プログラミングのはじめ方

まず私のことを少しお話しします。
元々はwetの人間で、解析などとはほぼ無縁(せいぜいちょこっとExcelなどで検定をする程度)でした。
※しばしばこの業界の人は実験をする人をWet、解析などPC上で作業する人をDryと表現します。

実際にプログラミングなどを勉強し始めたのもこの会社に入社してからになります。
ではそんな私がどのようにして勉強したかを少し書かせていただきます。

Hello World!
勉強編(先輩の講義と自主勉強)

「プログラミング言語習得」
バイオインフォマティクスは塩基配列など文字列を扱うことがとにかく多いです。
そのため文字列処理が得意なPerl言語を習得することにしました。
そこで参考にした本は次のものになります。

Perl_book1
Perlの絵本

いろいろな本が世の中には出回っているのですが、
やはりシンプルでわかりやすいのがよかったです。
ただはじめに正規表現で、ん?ってなり、
そして案の定hashで一度躓き、その次にリファレンスで引っかかりましたよ(笑)
まさに王道をたどっています。

Perl_book2
バイオインフォマティクスのためのPerl入門

ちょこっとコマンドが分かってきたら実例を示してあるこの本で勉強しました。
この本は絶版になっているので、私は先輩にもらったのですが、現在もAmazonなどには中古で一応出回っているようです。
この本は解説、実例、テストを網羅してあり、かつテストの解説(スクリプト)もネット上に落ちているのでそれを見ながらほぉ、こんな書き方もあるのかと勉強しました。
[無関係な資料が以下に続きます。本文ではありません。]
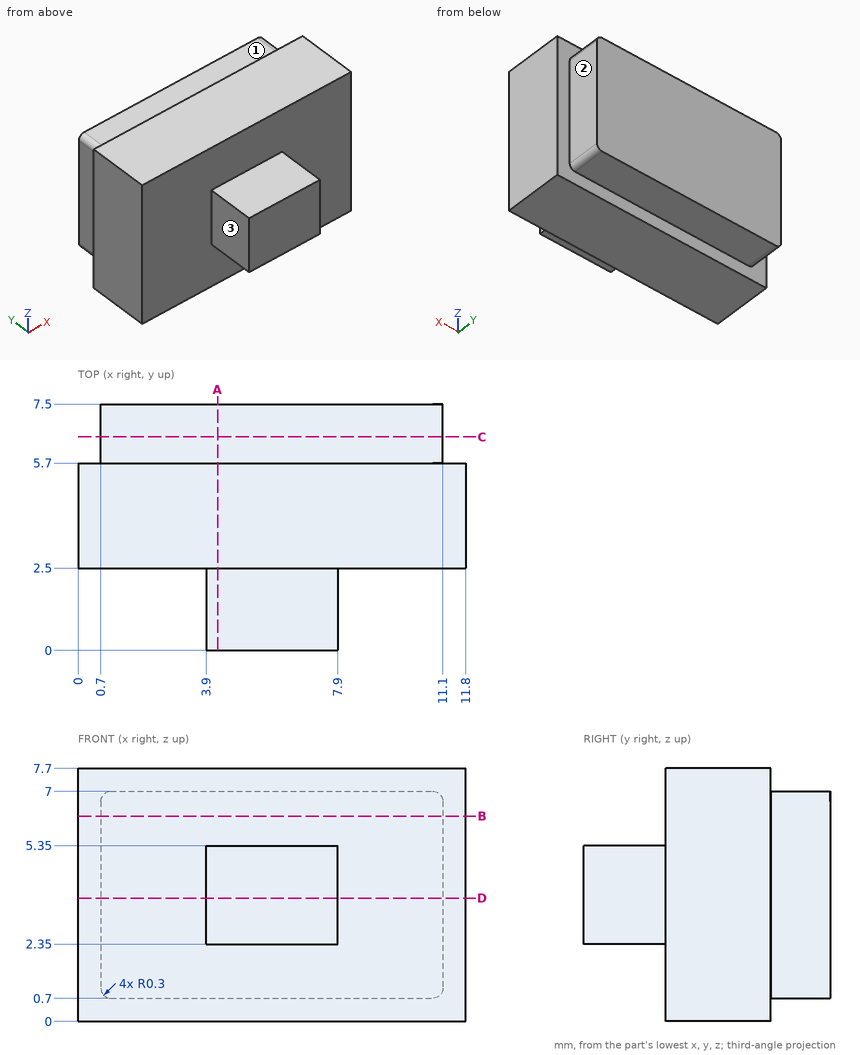
The drawing under review shows one solid part. Ordinate dimensions are in mm from its lowest x, y, z. A direction names the side the tool comes from. Coordinates: 2 decimals unless noted, no trailing zeros. Write each loop counter-clockwise with the first axis right and the second up, starting at its lowest first coordinate (ties: lowest second). Pieces come first, ordered by that corner, then holes.
1) Insertion check: pin 1 (1.4 mm diameter, centred on x = 6.5, y = 6.5, fed in from +Z); pin 2 (0.8 mm diameter, centred on y = 2, z = 4.5, fed in from -X); pin 3 (1.4 mm diameter, centred on y = 7, z = 3.5, fed in from -X). Each pin has a flat end and moves straight along its axis. Give the tip position at first contact, or say it passes through.
2) Add section D-D (z = 3.75). Write out the cut boundary in (x, y).
3) Machinability: for the marked faces 1, 2 and 3, which of the approach directions +Z, -Z, +X, -X, +Y, -Y give a long, thin tool a straight path to every point of the face, cutting with its end or side? Answer none if there is none.
4) Add section A-A (x = 4.25). Write out the cut boundary in (y, z).
5) Add section B-B (z = 6.25). Write out the cut boundary in (x, y).
6) To check wall thickness, follow L1, parallel to X at y = 6.25, z = 6.5; L2, parallel to Y at x = 1, z = 5.25; L3, parallel to Z at x = 3.5, y = 6.5. State the ranges of each line that lie inside material, in increasing order.
7) Add section C-C (y = 6.5). Write out the cut boundary in (x, z), plus the area to 3 significant figures.
Check result:
1. pin 1: stops at z = 7
1. pin 2: stops at x = 3.9
1. pin 3: stops at x = 0.7
2. outline: (0, 2.5) - (3.9, 2.5) - (3.9, 0) - (7.9, 0) - (7.9, 2.5) - (11.8, 2.5) - (11.8, 5.7) - (11.1, 5.7) - (11.1, 7.5) - (0.7, 7.5) - (0.7, 5.7) - (0, 5.7) - close
3. face 1: +Z, +X, -X, +Y
3. face 2: +Z, -Z, +X, +Y
3. face 3: +Z, -Z, -X, -Y
4. outline: (0, 2.35) - (2.5, 2.35) - (2.5, 0) - (5.7, 0) - (5.7, 0.7) - (7.5, 0.7) - (7.5, 7) - (5.7, 7) - (5.7, 7.7) - (2.5, 7.7) - (2.5, 5.35) - (0, 5.35) - close
5. outline: (0, 2.5) - (11.8, 2.5) - (11.8, 5.7) - (11.1, 5.7) - (11.1, 7.5) - (0.7, 7.5) - (0.7, 5.7) - (0, 5.7) - close
6. L1: x = 0.7 to 11.1
6. L2: y = 2.5 to 7.5
6. L3: z = 0.7 to 7
7. outline: (0.7, 1) arc R0.3 ccw to (1, 0.7) - (10.8, 0.7) arc R0.3 ccw to (11.1, 1) - (11.1, 6.7) arc R0.3 ccw to (10.8, 7) - (1, 7) arc R0.3 ccw to (0.7, 6.7) - close
7. area: 65.4 mm2
```python
from build123d import *

# Parameters (mm, degrees)
F1_DEPTH = 63.5
F3_DEPTH = 57.15
F4_DEPTH = 127
F5_DEPTH = 101.6


with BuildPart() as f1:
    # F0 (on Front) → F1 (new body, symmetric)
    with BuildSketch(Plane.XZ):
        Polygon((127, 0), (63.5, 109.985226), (-63.5, 109.985226), (-127, 0), (-63.5, -109.985226), (63.5, -109.985226), align=None)
        Polygon((-66.799852, -84.545206), (-66.799852, 85.417562), (-18.633867, 85.417562), (-18.633867, 9.979562), (11.241462, 84.802525), (64.756104, 84.802525), (30.896133, 0), (64.756104, -84.802525), (11.241462, -84.802525), (-18.633867, -9.979562), (-18.633867, -84.545206), align=None, mode=Mode.SUBTRACT)
    extrude(amount=F1_DEPTH, both=True)

    # F2 (on Top) → F3 (cut)
    with BuildSketch(Plane.XY):
        Polygon((-81.175185, 15.08125), (-83.924815, 15.08125), (-85.299631, 12.7), (-83.924815, 10.31875), (-81.175185, 10.31875), (-79.800369, 12.7), align=None)
        Polygon((-81.250962, -10.45), (-83.849038, -10.45), (-85.148076, -12.7), (-83.849038, -14.95), (-81.250962, -14.95), (-79.951924, -12.7), align=None)
        Polygon((-81.404321, -36.115625), (-83.695679, -36.115625), (-84.841359, -38.1), (-83.695679, -40.084375), (-81.404321, -40.084375), (-80.258641, -38.1), align=None)
        Polygon((-85.436751, 37.998921), (-83.905839, 35.549461), (-81.019088, 35.650539), (-79.663249, 38.201079), (-81.194161, 40.650539), (-84.080912, 40.549461), align=None)
        Polygon((79.663249, 38.201079), (81.019088, 35.650539), (83.905839, 35.549461), (85.436751, 37.998921), (84.080912, 40.549461), (81.194161, 40.650539), align=None)
        Polygon((83.924815, 10.31875), (85.299631, 12.7), (83.924815, 15.08125), (81.175185, 15.08125), (79.800369, 12.7), (81.175185, 10.31875), align=None)
        Polygon((81.250962, -10.45), (79.951924, -12.7), (81.250962, -14.95), (83.849038, -14.95), (85.148076, -12.7), (83.849038, -10.45), align=None)
        Polygon((81.404321, -40.084375), (83.695679, -40.084375), (84.841359, -38.1), (83.695679, -36.115625), (81.404321, -36.115625), (80.258641, -38.1), align=None)
    extrude(amount=-F3_DEPTH, mode=Mode.SUBTRACT)

    # F2 (on Top) → F4 (cut)
    with BuildSketch(Plane.XY):
        Polygon((-85.436751, 37.998921), (-83.905839, 35.549461), (-81.019088, 35.650539), (-79.663249, 38.201079), (-81.194161, 40.650539), (-84.080912, 40.549461), align=None)
        Polygon((-81.175185, 15.08125), (-83.924815, 15.08125), (-85.299631, 12.7), (-83.924815, 10.31875), (-81.175185, 10.31875), (-79.800369, 12.7), align=None)
        Polygon((-81.250962, -10.45), (-83.849038, -10.45), (-85.148076, -12.7), (-83.849038, -14.95), (-81.250962, -14.95), (-79.951924, -12.7), align=None)
        Polygon((-81.404321, -36.115625), (-83.695679, -36.115625), (-84.841359, -38.1), (-83.695679, -40.084375), (-81.404321, -40.084375), (-80.258641, -38.1), align=None)
        Polygon((81.250962, -10.45), (79.951924, -12.7), (81.250962, -14.95), (83.849038, -14.95), (85.148076, -12.7), (83.849038, -10.45), align=None)
        Polygon((81.404321, -40.084375), (83.695679, -40.084375), (84.841359, -38.1), (83.695679, -36.115625), (81.404321, -36.115625), (80.258641, -38.1), align=None)
        Polygon((83.924815, 10.31875), (85.299631, 12.7), (83.924815, 15.08125), (81.175185, 15.08125), (79.800369, 12.7), (81.175185, 10.31875), align=None)
        Polygon((79.663249, 38.201079), (81.019088, 35.650539), (83.905839, 35.549461), (85.436751, 37.998921), (84.080912, 40.549461), (81.194161, 40.650539), align=None)
        Polygon((0.12826, 41.979922), (5.062896, 44.977038), (4.934636, 50.749116), (-0.12826, 53.524078), (-5.062896, 50.526962), (-4.934636, 44.754884), align=None)
        Polygon((-0.000787, 23.18495), (4.762107, 25.933899), (4.762893, 31.43316), (0.000787, 34.183472), (-4.762107, 31.434523), (-4.762893, 25.935262), align=None)
        Polygon((4, 7.29941), (4, 11.918212), (0, 14.227613), (-4, 11.918212), (-4, 7.29941), (0, 4.990009), align=None)
        Polygon((-0.000656, -14.049307), (3.968422, -11.758516), (3.969078, -7.175798), (0.000656, -4.883871), (-3.968422, -7.174662), (-3.969078, -11.75738), align=None)
        Polygon((3.175, -30.375076), (3.175, -26.708902), (0, -24.875815), (-3.175, -26.708902), (-3.175, -30.375076), (0, -32.208163), align=None)
        Polygon((3, -49.34944), (3, -45.885338), (0, -44.153287), (-3, -45.885338), (-3, -49.34944), (0, -51.081491), align=None)
    extrude(amount=F4_DEPTH, mode=Mode.SUBTRACT)

    # F2 (on Top) → F5 (cut)
    with BuildSketch(Plane.XY):
        Polygon((-0.000656, -14.049307), (3.968422, -11.758516), (3.969078, -7.175798), (0.000656, -4.883871), (-3.968422, -7.174662), (-3.969078, -11.75738), align=None)
        Polygon((3.175, -30.375076), (3.175, -26.708902), (0, -24.875815), (-3.175, -26.708902), (-3.175, -30.375076), (0, -32.208163), align=None)
        Polygon((4, 7.29941), (4, 11.918212), (0, 14.227613), (-4, 11.918212), (-4, 7.29941), (0, 4.990009), align=None)
        Polygon((-0.000787, 23.18495), (4.762107, 25.933899), (4.762893, 31.43316), (0.000787, 34.183472), (-4.762107, 31.434523), (-4.762893, 25.935262), align=None)
        Polygon((3, -49.34944), (3, -45.885338), (0, -44.153287), (-3, -45.885338), (-3, -49.34944), (0, -51.081491), align=None)
        Polygon((0.12826, 41.979922), (5.062896, 44.977038), (4.934636, 50.749116), (-0.12826, 53.524078), (-5.062896, 50.526962), (-4.934636, 44.754884), align=None)
    extrude(amount=-F5_DEPTH, mode=Mode.SUBTRACT)


solid = f1.part
```
Geometry: final body of the model. Coordinates: model frame, mm. A direction names the side the tool comes from. Give positions to 0.01 mm unless a question says otherwise; leave off trailing zeros. Order: outer loops, then holes, each group sorted by start corner. A loop starts at its lowest first (then second) coordinate and runs counter-clockwise, first axis right, second up. Notation, with made-up numbers: (33.25, 84) -> (72.25, 84) arc R10 cw to (72.25, 89) -> close; hole circle Ø10 at (88, 50). An arc over 180 degrees is marked (long way). Write each question's results on one line, items separated by ' | '. Start each with the question number.
1) Draft query along X for faces 4 (the flat face through (94.806, -0.889, -55.763)), 5 (the flat face through (0, -9, -101.6)), 6 (the flat face through (-94.806, -0.889, 55.763)). Return one class per face: pulls with the +X half, pulls with the -X half, needs draft (parallel to the pull), parting line crosses it, or undercut.
2) First-contact query: pin 1 (5 mm diameter, centred on x = -81.5, y = -12, fed in from +Z); pin 2 (2.5 mm diameter, centred on y = -9, z = -78.5, fed in from -X); pin 3 (2.5 mm diameter, centred on y = 10.5, z = -73, fed in from +X). Flat tips, straight axial feed; report the tip coordinate or a pass-through.
3) Section A-A (y = -54). Return loops of the section in (x, z), then the cut area to 3 significant figures.
4) Section C-C (x = 41.5). Return loops of the section in (y, z), then the cut area to 3 significant figures.
5) Line query: line 1 (Y direction, x = 80.5, z = -16); line 2 (X direction, y = -38.5, z = -43.5); line 3 (X direction, y = 3, z = -23). Output: solid intervals per line, ascending. Write a range as from..to.
6) Section B-B (x = -48). Return loops of the section in (y, z), then the cut area to 3 significant figures.
7) Section D-D (z = -26). Count the separate pieces of the cut face and the enclosed holes in it, then the cut area to 3 significant figures.
8) Set-up query: faces 1 (the flat face through (0, 48, -101.6)), 2 (the flat face through (95.694, -0.889, 54.223)), 3 (the flat face through (38, -1, -84.803)). Return all of +Z, -Z, +X, -X, +Y, -Y with unobstructed straight access to the full face (end or side cutting, diameter ignored); none if empty.
Calculated:
1) face 4: pulls with the +X half | face 5: undercut | face 6: pulls with the -X half
2) pin 1: z = 83.14 | pin 2: x = -82.4 | pin 3: x = 85.58
3) outline: (-127, 0) -> (-63.5, -109.99) -> (63.5, -109.99) -> (127, 0) -> (63.5, 109.99) -> (-63.5, 109.99) -> close; hole (-66.8, -84.55) -> (-18.63, -84.55) -> (-18.63, -9.98) -> (11.24, -84.8) -> (64.76, -84.8) -> (30.9, 0) -> (64.76, 84.8) -> (11.24, 84.8) -> (-18.63, 9.98) -> (-18.63, 85.42) -> (-66.8, 85.42) -> close | area: 24,700 mm2
4) outline: (-63.5, -109.99) -> (63.5, -109.99) -> (63.5, -84.8) -> (-63.5, -84.8) -> close; (-63.5, -26.56) -> (63.5, -26.56) -> (63.5, 26.56) -> (-63.5, 26.56) -> close; (-63.5, 84.8) -> (63.5, 84.8) -> (63.5, 109.99) -> (-63.5, 109.99) -> close | area: 13,100 mm2
5) line 1: -63.5..-38.52, -37.68..-13.65, -11.75..11.49, 13.91..36.63, 39.54..63.5 | line 2: -101.89..-84.61, -80.49..-66.8, -18.63..-5.25, 48.26..80.49, 84.61..101.89 | line 3: -113.72..-66.8, -18.63..-13.44, 40.08..113.72
6) outline: (-63.5, -109.99) -> (63.5, -109.99) -> (63.5, -84.55) -> (-63.5, -84.55) -> close; (-63.5, 85.42) -> (63.5, 85.42) -> (63.5, 109.99) -> (-63.5, 109.99) -> close | area: 6,350 mm2
7) separate pieces: 3 | enclosed holes: 8 | area: 15,400 mm2
8) face 1: +Z | face 2: +Z, +X, +Y, -Y | face 3: +Y, -Y
Design review of the part built by this model. Coordinates are the model's own, in mm. Round coordinates to 2 decimals unless told otherwise and drop trailing zeros. Loops run counter-clockwise (first coordinate to the right, second up) from the corner with the lowest first, then second, coordinate; pieces in that order, holes last. Notation, with made-up numbers: M 31,-26.75 L 79,-26.75 A36 cw 79,9.25 Z; hole C 85,35.25 d4. An arc over 180 degrees is marked long. Use a Markdown table: item, result.
from build123d import *

# Parameters (mm, degrees)
SKETCH2_R          = 6.325
CUT_EXTRUDE1_DEPTH = 35
SKETCH3_R          = 5
CUT_EXTRUDE2_DEPTH = 30
FILLET1_R          = 5


with BuildPart() as part:
    # Sketch1 → Revolve1 (revolve)
    with BuildSketch(Plane.XY):
        with BuildLine():
            Line((0, 0), (0, 60))
            ThreePointArc((0, 60), (30, 30), (0, 0))
        make_face()
    revolve(axis=Axis((0, 0, 0), (0, 1, 0)))

    # Sketch2 → Cut-Extrude1 (cut)
    with BuildSketch(Plane.XY):
        with Locations((0, 30)):
            Circle(SKETCH2_R)
    extrude(amount=-CUT_EXTRUDE1_DEPTH, mode=Mode.SUBTRACT)

    # Sketch3 → Cut-Extrude2 (cut)
    with BuildSketch(Plane(origin=(0, 0, 0), x_dir=(1, 0, 0), z_dir=(0, 1, 0))):
        with Locations(Location((0, 0, 0), (0, 0, 180))):
            Circle(SKETCH3_R)
    extrude(amount=CUT_EXTRUDE2_DEPTH, mode=Mode.SUBTRACT)

    # Fillet1
    # the kernel refuses this fillet: 5 mm, written as the material it takes off along each edge
    with BuildSketch(Plane(origin=(17.5, 30, 0), x_dir=(0, 1, 0), z_dir=(-1, 0, 0))) as fillet1_piece_1_section:
        with BuildLine():
            CenterArc((FILLET1_R, -FILLET1_R), FILLET1_R, 90, 90)
            Line((0, -FILLET1_R), (0, 0))
            Line((0, 0), (FILLET1_R, 0))
        make_face()
    fillet1_piece_1 = extrude(amount=35, mode=Mode.PRIVATE)
    fillet1_piece_1 = fillet1_piece_1 & Plane(origin=(0, 31.17476679, 0), x_dir=(-1, 0, 0), z_dir=(0, -1, 0)) * Cylinder(5, 90, mode=Mode.PRIVATE)
    fillet1_piece_1 = fillet1_piece_1 & Plane(origin=(0, 30, 1.028849853), x_dir=(1, 0, 0), z_dir=(0, 0, 1)) * Cylinder(6.325, 90, mode=Mode.PRIVATE)
    add(fillet1_piece_1, mode=Mode.SUBTRACT)


solid = part.part
1. Take a section at C-C on y = 31.5. Give the boundary of the cut face in (x, z), and give its area (3 significant figures).
Check values:
| item | result |
|---|---|
| outline | M -6.14,-29.33 L -6.14,0 L -5,0 A5 cw -4.79,1.43 L 4.79,1.43 A5 cw 5,0 L 6.14,0 L 6.14,-29.33 A29.96 ccw long Z |
| area | 2,440 mm² |
2. Take a section at A-A on y = 14. Give the boundary of the cut face in (x, z), and give its area (3 significant figures).
Check values:
| item | result |
|---|---|
| outline | C 0,0 d50.75; hole C 0,0 d10 |
| area | 1,940 mm² |
3. Wall thickness on line 1 along Y through (x, z) = (0, -8) (3 decimals); line 2 along Y through (x, z) = (-1, -15.5); line 3 along Z through (x, y) = (0, 8.75): over which ranges is each line inside the solid? List them lowest first. Write a range as from..to.
Check values:
| item | result |
|---|---|
| line 1 | y = 1.086..23.675, 36.325..58.914 |
| line 2 | y = 4.33..23.75, 36.25..55.67 |
| line 3 | z = -21.18..-5, 5..21.18 |
4. Take a section at B-B on z = -11. Give the boundary of the cut face in (x, y) (3 decimals).
Check values:
| item | result |
|---|---|
| outline | C 0,30 d55.821; hole C 0,30 d12.65 |
5. Insertion check: pin 1 (3 mm diameter, centred on y = 23, z = 23, fed in from +X); pin 2 (10 mm diameter, centred on x = -10.5, z = 12.5, fed in from +Y); pin 3 (10 mm diameter, centred on x = -16.5, y = 34.5, fed in from +Z). Each pin has a flat end and moves straight along its axis. Give the tip position at first contact, or say it passes through.
Check values:
| item | result |
|---|---|
| pin 1 | stops at x = 19.8 |
| pin 2 | stops at y = 57.78 |
| pin 3 | stops at z = 27.45 |
6. Take a section at D-D on x = 23. Give the boundary of the cut face in (y, z), and give its area (3 significant figures).
Check values:
| item | result |
|---|---|
| outline | C 30,0 d38.52 |
| area | 1,170 mm² |
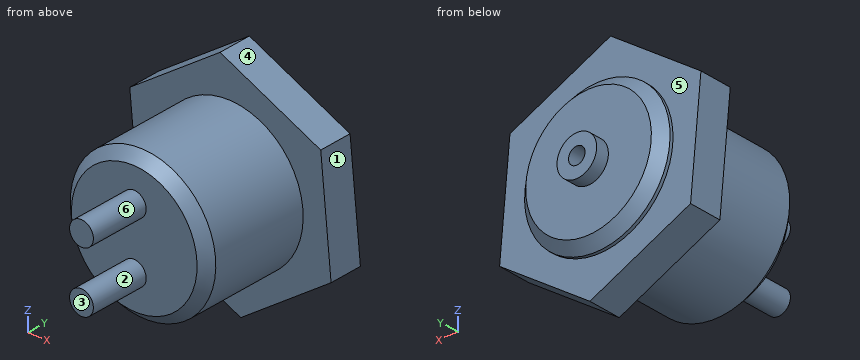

実際に使えるスクリプトがかなり入っているので、辞書みたいにして使ってました。大抵の解析はこれらを組み合わせることによってできてしまうと思います。
この辺りからEcripseを使ってスクリプトを書くようになりました。
どうしても最初のうちは括弧を閉め忘れたり、セミコロンを忘れたりしちゃうんですよね。さすがに今はvimとかSublime textとかでべた打ちですが。
あとネットで「Perl+なんかのコマンド」っていう検索は何度もしました。
大体は特定のサイトばかり当たってきます。検索上位にくるのはやはり分かりやすい!
実践編(OJT)

「経験に勝るものなし」

しばらくするとお客様のもとに先輩と同行して、案件を先輩が受けそれについて解説してもらい、実際にスクリプトを書くというOJTに移りました。はじめのうちは、作ったスクリプトが必ず無限ループをするという、今ではすごく恥ずかしいことをしていましたが、そのうち慣れてくるといつの間にかそこそこ書けるようになりました。
やはり実践は大事です。

「一つそれなりに習得した言語を作れば応用が利く」

R言語に手を出したのもこの辺りからです。作図などの必要に迫られて・・・。
ただベースとなる言語を一つやっておくと「これはPerlのこの表現ね」と置き換えられるようになるので、Perlじゃなくてもいいので何か一つはそれなりに書けるといえる言語を持つといいと思います。

「他の人が書いたスクリプトを見て参考にしよう」

ネット上に転がっているのでもいいですし、近くにできる人がいるならその人のスクリプトを見せてもらうといいと思います。
私の場合は同じ動作をするスクリプトを私が書いたものと先輩が書いたものを比較したり、レビューしていただくといった機会があったため、そこでかなり学べたと思います。実はPerlは可読性が低い(どんな書き方をしても結構流れてしまうため他の人のスクリプトが読みにくい)ので、結構意地悪をする先輩もいました(笑)。ですので皆さんは可読性の高いスクリプトを書くよう心がけましょう。あまり難しいコードを書くとあとで自分でも読めなくなるので注意してください。